After parking in our VIP spots and hiding our faces from the paparazzi, we hopped on the hayride with the intention of visiting the pumpkin patch.  The tractor did drop us off at a dirt plot with hundreds of loose pumpkins sitting on it, but I’m not sure this was actually a pumpkin patch by any standard definition. 

Huge cardboard boxes of pumpkins sat on wooden palettes beside the field, which seemed to suggest that, deep in the night, when the agri-tourists weren’t looking, they just rolled a bunch of pumpkins into a field and waited for the rubes to come buy them. 
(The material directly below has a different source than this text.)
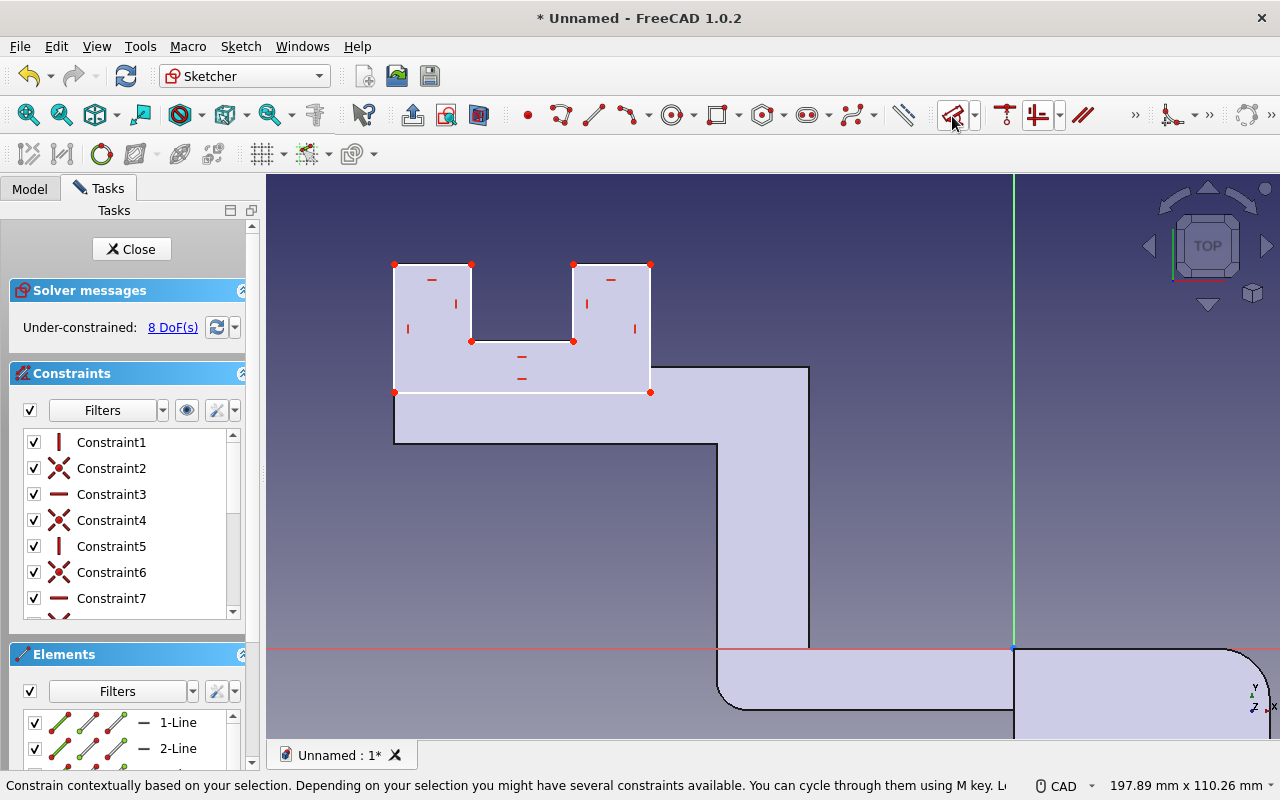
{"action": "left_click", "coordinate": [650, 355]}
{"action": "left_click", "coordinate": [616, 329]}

I understand that this is probably much more efficient for everyone than having a bunch of morons trying to wrench pumpkins straight off the vine, and that pumpkins themselves serve no actual useful purpose other than to be temporary candle receptacles or a little extra flavor for our spiced lattes, but the whole point of buying them at the farm is that you’re having a more authentic experience.  Somehow, doing it this way just seems phony, like they’re playing fetch with us.

“Go get the pumpkin, boy!  Get it!  Oh, you’re such a good pumpkin retriever,” they seem to be saying.

I don’t think you’re really supposed to think about it that way, which is probably why they dose you with tractor exhaust on the way there.